There's nothing left of Brit's house, but there is a little village named Bailey's Prairie where his land was. All that can be seen now is a historical marker where his property was on Hwy 35 between Angleton and West Columbia. 

I'll do some research and see if I can find any other cool stories from around here. I have ancestors is some of the earliest-settled parts of Texas (settled by Anglos, anyway), so there are bound to be more cool old stories that I can dig up!


----------



## boo who? (Feb 28, 2005)

http://pghbridges.com/glassport/0587-4458/pineyforkPRR_tun.htm

From that site: "According to local legend, this tunnel is also known as "Greenman's Tunnel"; the adjacent auto tunnel is known as "Corvette Tunnel." One account of the haunting: "A man from West Mifflin or Dravosburg was working on power lines at the top of the tunnel. He received a severe electric shock and his skin was tinged green as a result. Some reports state he lived for some time afterward; others state he died that day. It is said that if someone goes to the tunnel at night, turn off the car headlights, and call for him -- he will appear and come toward your car. His face may appear in the car window or he try to place his hands on your car window. Also, because of the electrical charge, you may have difficulty restarting the car."

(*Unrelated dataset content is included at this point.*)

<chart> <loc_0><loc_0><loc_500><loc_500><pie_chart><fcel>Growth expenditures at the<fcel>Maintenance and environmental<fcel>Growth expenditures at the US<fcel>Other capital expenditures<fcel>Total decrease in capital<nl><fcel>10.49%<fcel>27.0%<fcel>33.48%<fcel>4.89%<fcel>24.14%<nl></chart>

I have been to this tunnel and even driven through it...QUICKLY...IN DAYLIGHT!  

I love local stories. Here's a fun site about local lore:
http://www.neworleanstours.net/olghst3.htm


boo


----------



## Mr_Nobody (Aug 24, 2003)

The best one in this area that I know of is out at the old train trestle bridge. Supposedly in the 20s or 30s, a train came through there when there was a flood, and when it went over the bridge, it collapsed sending the train into the water down below. Most people on board were killed, although not all. The trestle was rebuilt, but has sense been closed off to service for close to a decade now. People in the area swear they still hear a train going on the track or the whistle or see straing lights up on the bridge or even on the river, which has sense become much less a river and more of a small creek since the train crashed.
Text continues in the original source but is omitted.